Why Dust May Help Explain How Planets Are Formed

Leo Ferguson
2 min readOct 28, 2020

Planets are formed when a dense cloud of dust and gas spins around a newly formed star. Over time, gravity causes the bits of matter to clump together and eventually form into planets. Scientists believe that they have discovered a reason why this process tends to take a while. This hindrance is known as the bouncing barrier. Scientists have recently observed that particles over 1 millimeter in size tend to bounce off each other more than they tend to combine with one another, meaning that the forming of planets is slowed.

As time passes, particles will begin to overcome the bouncing barrier and form into larger masses that will become planets orbiting a star one day. To understand the process better, a team of researchers conducted an experiment using glass beads in place of protoplanetary dust grains. The glass beads were each a little less than half a millimeter in size. In the experiment, the researchers noticed that Earth’s gravity was having a distinct affect. To deal with this, they ran their experiment in a 120 meter tall drop tower in Bremen, Germany, moving the capsule containing the glass beads up and down repeatedly, basically making them weightless.

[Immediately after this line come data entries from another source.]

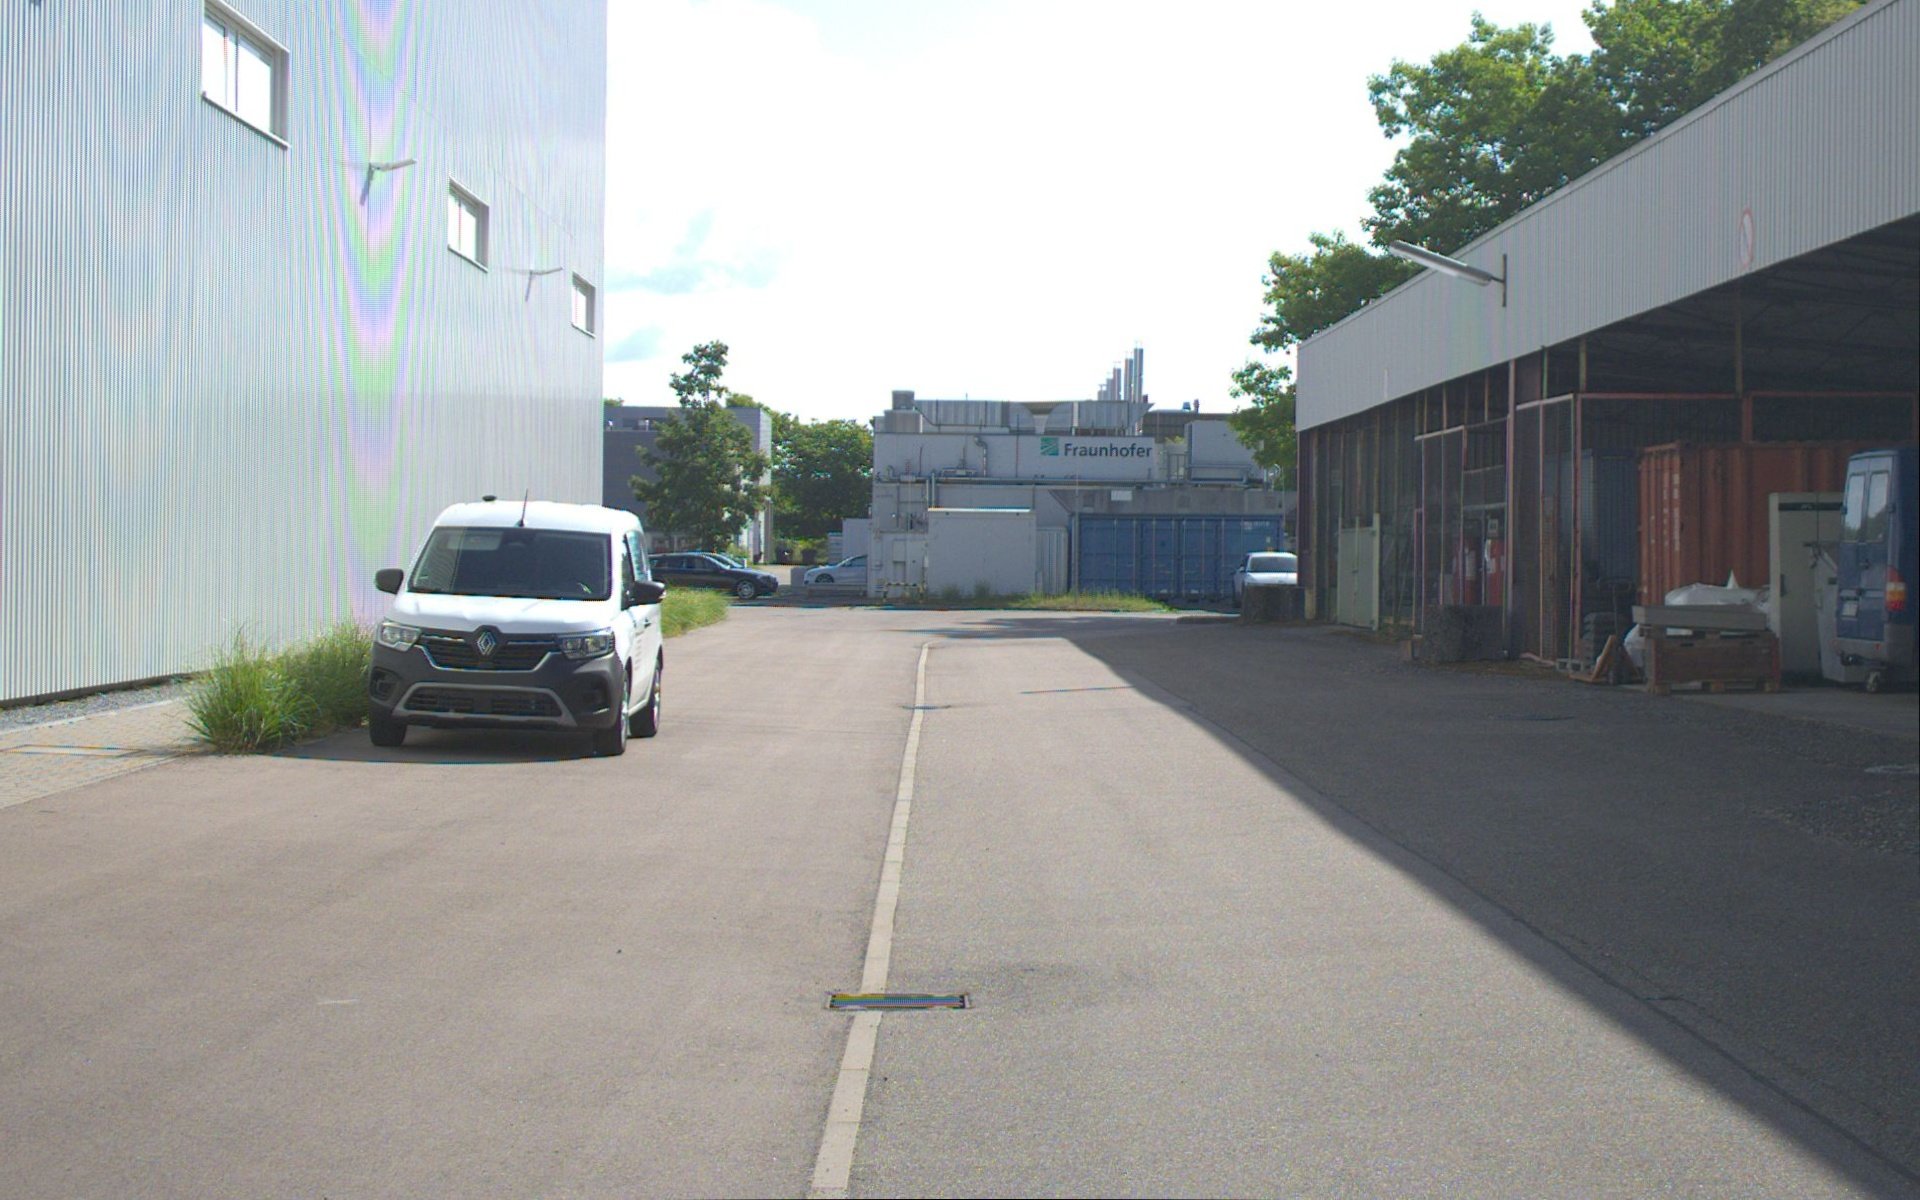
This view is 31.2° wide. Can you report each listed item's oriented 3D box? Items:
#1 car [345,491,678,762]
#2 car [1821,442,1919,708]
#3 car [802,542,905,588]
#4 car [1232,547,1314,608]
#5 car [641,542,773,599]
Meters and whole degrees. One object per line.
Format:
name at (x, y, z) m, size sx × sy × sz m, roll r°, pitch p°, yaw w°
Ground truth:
car at (-3.228, 0.135, 25.561) m, size 1.818 × 1.781 × 4.405 m, roll 2°, pitch 1°, yaw 0°
car at (10.209, -0.125, 30.831) m, size 4.433 × 2.302 × 1.915 m, roll 2°, pitch -1°, yaw 1°
car at (-4.195, -1.371, 135.661) m, size 3.987 × 1.592 × 1.848 m, roll 2°, pitch -1°, yaw -1°
car at (8.657, -0.631, 95.314) m, size 1.962 × 1.559 × 4.059 m, roll 2°, pitch 1°, yaw 2°
car at (-7.900, -0.929, 107.796) m, size 3.987 × 1.592 × 1.742 m, roll 2°, pitch -1°, yaw -1°

This experiment depicts the dust particles sticking to each other in clumps due to their electrical charge, just like how young planets may form

Before the experiment, the researchers shook all the glass beads up, acting as collisions dust grains and fragments would have over time. The shaking caused the beads to have electric charges; some positive and some negative. The electric charges acted as bonding forces between glass beads when they were weightless, causing the glass beads lump together. The conclusion of the experiment was that electric forces obviously act as bonds between particles to help overcome the bouncing barrier. There are still other obstacles in a planet’s growth, such as smaller particles colliding with larger masses of particles at high speeds, splitting them or tearing them apart. So we now know how particles overcome the bouncing barrier to form planets, but there are still many more obstacles that young planets must face.